A few decades ago, this size aircraft didn't exist. Back then, there were a half-dozen different manufacturers with different ideas of what was important in the cockpit. The largest airliners required three to five people up front because there were no computers or satellites, and aircraft systems required much more human intervention. Today, most general aviation four-seat aircraft have better technology than the largest airliners of yesteryear, allowing pilots to travel more safely and efficiently.
What does this have to do with the planning industry, you ask? Our industry is undergoing technology and labor efficiency changes like those that happened in aviation, which means a study of those trends can lead to insights about where we are going.
What about technology? While no firm has yet offered the Holy Grail of planning software, some large firms are developing complex systems that efficiently merge client and portfolio management and financial planning software. Development has been spearheaded by wirehouses, custodians and a handful of large private firms.
The result is that many larger firms are trying to put an experienced "pilot crew" in a "cockpit" with technology, support teams of planners, investment managers and client service administrators. This leaves relationship managers to their highest and best use: solving complex issues, convincing and motivating the clients, and developing additional business. Until integrated systems prices fall, most small firms will resort to using disparate programs and technology to develop their own "cockpit controls."

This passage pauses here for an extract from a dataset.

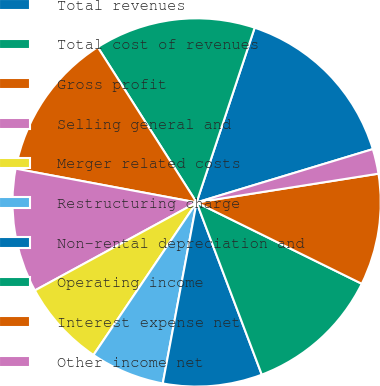Convert chart. <chart><loc_0><loc_0><loc_500><loc_500><pie_chart><fcel>Total revenues<fcel>Total cost of revenues<fcel>Gross profit<fcel>Selling general and<fcel>Merger related costs<fcel>Restructuring charge<fcel>Non-rental depreciation and<fcel>Operating income<fcel>Interest expense net<fcel>Other income net<nl><fcel>15.22%<fcel>14.13%<fcel>13.04%<fcel>10.87%<fcel>7.61%<fcel>6.52%<fcel>8.7%<fcel>11.96%<fcel>9.78%<fcel>2.18%<nl></chart>

This trend, coupled with the widening size gap between solo practitioners and very large firms, has created a labor/professional development conundrum. On one hand, large firms will continue to have college graduate opportunities, but few are the "front office/pilot crew" type. Those positions reasonably take years to get to-in aviation or financial planning. I estimate there might be a few hundred full-time relationship management jobs each year. Why is this?
Because the reality for growing firms now trying to increase labor efficiency means experienced advisors must be freed to interact with clients, bring in more prospects and produce more revenue. That means a limited number of folks in the "cockpit" and more support jobs in client service, administrative and analysis.
In the past, support personnel have had limited client advisory interaction. Look at the airlines again. The majors have hundreds of folks working to support each plane. Very few of them need to be in the cockpit. You need to hire a lot of support folks before you need two pilots.
THE ROAD AHEAD
So what are the choices for prospective employees (and employers thinking about their organizational models)? The few successful business models in our industry mean the highly motivated and educated kids getting out of school in the financial planning industry will have limited choices.
One highly profitable business model in the financial services industry is the product sales business model. Starting jobs include bringing in business or selling products. Selling leads to immediate client interaction. However, few colleges train students to sell. Since most college graduates have no training, skills or inclination in these areas, for new hires this is often scary and leads to a less-than-positive experience.
The non-sales/advisory model means working in seemingly non-meaningful jobs, waiting in the wings to take on an advisory capacity, akin to a ballplayer who never gets off the bench and into the game. A third model is working for a trust company, bank or other large non-planning firm, leading to client interaction on a limited basis, but no selling (whew!).
Luckily, there is a fourth option. It provides a clearly delineated career track with a team-training approach and increasing client exposure. Firms that use this model define the path to the position of client relationship manager. I'll discuss exactly how we're doing this at our firm in my next column. Until then, fly safe!